An anonymous reader writes "Researchers at the MIT have developed a new device that they claim could one day boost interplanetary communication to broadband speeds. From the article: 'The new light detector improves detection efficiency to 57 percent at a wavelength of 1,550 nanometers--the same wavelength used by optical fibers on Earth to carry broadband signals to homes and offices. Currently, light detectors only absorb about 20 percent of the light they receive. "It can take hours with the existing wireless radio frequency technology to get useful scientific information back from Mars to Earth," said study team member Karl Berggren from the Massachusetts Institute of Technology. "But an optical link can do that thousands of times faster."'"

2 of 84 comments (clear)

  1. Yes Yes... by Anonymous Coward · · Score: 1, Insightful

    You won't want to be getting into any Shotgun duels while playing Duke Nuke'em Forever on some Earthly server when you're orbiting Mars. Fine.
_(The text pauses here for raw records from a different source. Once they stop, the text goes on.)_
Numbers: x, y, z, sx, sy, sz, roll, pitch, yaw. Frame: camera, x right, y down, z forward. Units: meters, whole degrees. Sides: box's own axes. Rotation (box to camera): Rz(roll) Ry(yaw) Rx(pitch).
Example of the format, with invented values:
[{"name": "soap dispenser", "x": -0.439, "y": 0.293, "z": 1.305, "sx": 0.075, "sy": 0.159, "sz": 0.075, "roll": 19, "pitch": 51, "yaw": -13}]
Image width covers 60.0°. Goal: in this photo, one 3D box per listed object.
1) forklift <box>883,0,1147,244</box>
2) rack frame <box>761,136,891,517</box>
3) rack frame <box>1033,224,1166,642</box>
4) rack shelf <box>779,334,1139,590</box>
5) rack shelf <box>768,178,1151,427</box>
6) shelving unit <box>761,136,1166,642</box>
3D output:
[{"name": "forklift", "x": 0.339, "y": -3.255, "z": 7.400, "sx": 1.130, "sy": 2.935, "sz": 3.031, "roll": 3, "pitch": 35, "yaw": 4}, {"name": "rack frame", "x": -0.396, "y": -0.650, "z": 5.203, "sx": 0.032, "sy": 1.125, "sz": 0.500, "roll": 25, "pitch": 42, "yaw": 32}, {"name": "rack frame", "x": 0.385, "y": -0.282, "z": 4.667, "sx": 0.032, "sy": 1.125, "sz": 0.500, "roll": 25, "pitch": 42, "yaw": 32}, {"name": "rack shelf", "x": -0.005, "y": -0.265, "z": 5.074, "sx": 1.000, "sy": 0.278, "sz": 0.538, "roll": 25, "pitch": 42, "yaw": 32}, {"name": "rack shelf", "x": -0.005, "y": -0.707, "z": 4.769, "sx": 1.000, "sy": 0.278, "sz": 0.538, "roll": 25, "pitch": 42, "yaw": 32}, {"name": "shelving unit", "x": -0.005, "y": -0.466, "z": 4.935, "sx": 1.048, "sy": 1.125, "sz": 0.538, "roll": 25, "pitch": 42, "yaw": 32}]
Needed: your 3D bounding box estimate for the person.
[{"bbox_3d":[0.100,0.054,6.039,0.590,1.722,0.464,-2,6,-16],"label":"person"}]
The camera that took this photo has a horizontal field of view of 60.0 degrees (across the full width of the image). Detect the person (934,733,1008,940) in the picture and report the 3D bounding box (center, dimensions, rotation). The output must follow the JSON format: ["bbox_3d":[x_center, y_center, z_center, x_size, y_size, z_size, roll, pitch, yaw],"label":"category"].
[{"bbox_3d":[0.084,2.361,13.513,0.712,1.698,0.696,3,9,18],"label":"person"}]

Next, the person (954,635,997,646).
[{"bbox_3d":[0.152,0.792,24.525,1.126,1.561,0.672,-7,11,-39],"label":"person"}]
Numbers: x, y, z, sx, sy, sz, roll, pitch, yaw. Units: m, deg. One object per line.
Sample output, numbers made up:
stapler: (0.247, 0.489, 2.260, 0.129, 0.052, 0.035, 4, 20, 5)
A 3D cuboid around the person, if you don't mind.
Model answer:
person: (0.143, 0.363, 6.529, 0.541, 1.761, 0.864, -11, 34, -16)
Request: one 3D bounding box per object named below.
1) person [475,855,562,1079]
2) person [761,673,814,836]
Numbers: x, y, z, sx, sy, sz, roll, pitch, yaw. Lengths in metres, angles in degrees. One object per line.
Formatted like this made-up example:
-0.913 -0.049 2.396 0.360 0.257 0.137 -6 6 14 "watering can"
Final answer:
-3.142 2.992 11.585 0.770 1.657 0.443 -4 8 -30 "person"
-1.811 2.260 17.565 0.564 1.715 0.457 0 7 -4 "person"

But for uploading instructions and downloading science the speedboost is pretty freaking handy.

  2. Re:Latency by fuyu-no-neko · · Score: 2, Insightful

    Don't forget about data outages, for example when the Sun is blocking the line of sight from Mars to Earth. Waiting for the line to clear is going to cause some major latency. The good news is that these outages should be forseeable.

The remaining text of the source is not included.